4.8 Elisha (2011) describes how his conservative evangelical subjects' critique of middle-class affluence reflected their internalized ambivalences about class. Riverside's ambitions to transform the lives of children related in a different way to the conflicting ways in which church members experience their classed identities. Occupying positions of relative cultural and political power themselves, they were also reflexively conscious of the social and spiritual injuries of class and this animated their moral ambitions. While the everyday practices of the school appeared to reify the cultural dominance of middle-class norms, as the metaphors of 'social and cultural capital' positioned the children's own cultural knowledges as a 'lack' (Skeggs 2004a: 91), at the same time, the ultimate desire of church members and the teachers was to challenge social inequality through creating greater social mobility for these children. Miss Morris emphasized she wanted there to be 'no glass ceiling for the kids at this school.' As Riverside's aspirations for 'inclusion' and 'the transformation of the local community' were translated in the setting of the school, they ended up looking very secular. While there were continuities with the emphasis on forming hard-working children in the ragged schools, the emphasis on personal success and aspiring to rise to pinnacles of political power and influence was a marked shift from the deferential attitudes the ragged schools aimed to inculcate.

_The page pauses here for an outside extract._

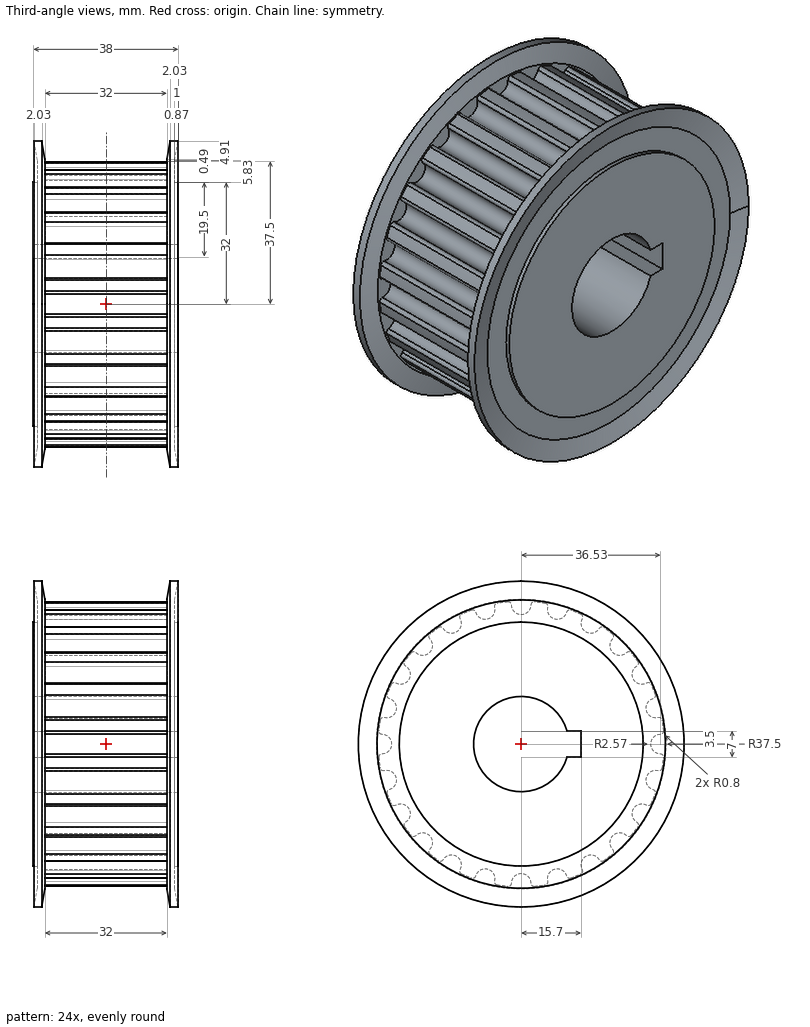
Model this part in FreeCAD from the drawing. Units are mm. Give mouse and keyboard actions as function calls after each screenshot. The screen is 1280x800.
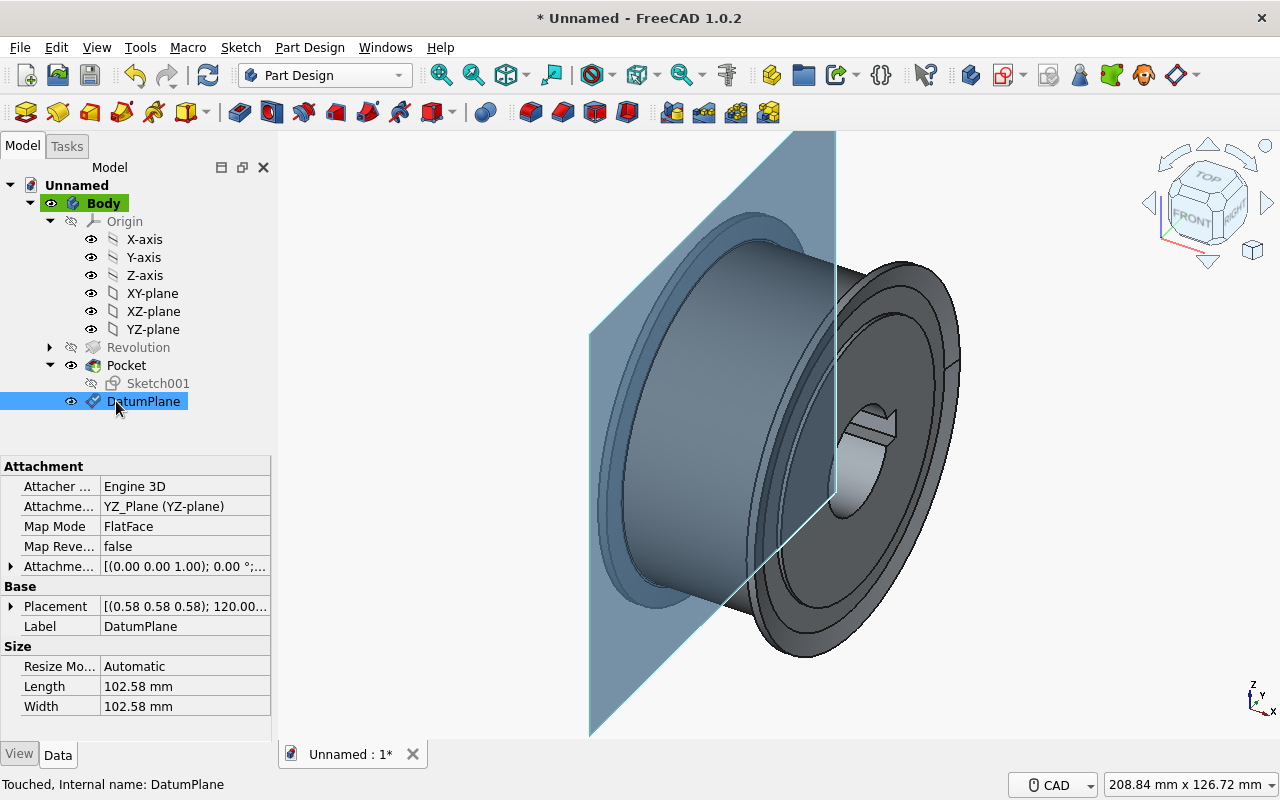
click(1004, 76)

4.9 These aspirations were also evident in the 'Lift Off' half-term holiday clubs run by the church's children's workers for selected children from Riverside Primary school on free school meals. At these clubs, the leaders gave short talks to the children in relation to moral and character education, for example, encouraging the children to think about what it meant to make a fresh start at the beginning of the school year, and how they might carry on going after making mistakes. These talks were combined with activities aimed at expanding their cultural knowledge and experience, for example, trips to activity centres where the children engaged in activities such as climbing and 'team-building games'. At times, there appeared – against the best intentions of the children's workers and volunteers – to be an 'othering' in relation to class implicit here, with the children located as the urban poor in receipt of charity from the bountiful church. One of the children's workers, for example, emphasized to the children that the church had spent a lot of money on both their food for the week, and on their trip to Madam Tussauds, and one of the church volunteers who brought her own children along said – articulating her sense of differentiation from the other children attending the club – 'it's good for them to come, so they can see how lucky they are compared with these kids'.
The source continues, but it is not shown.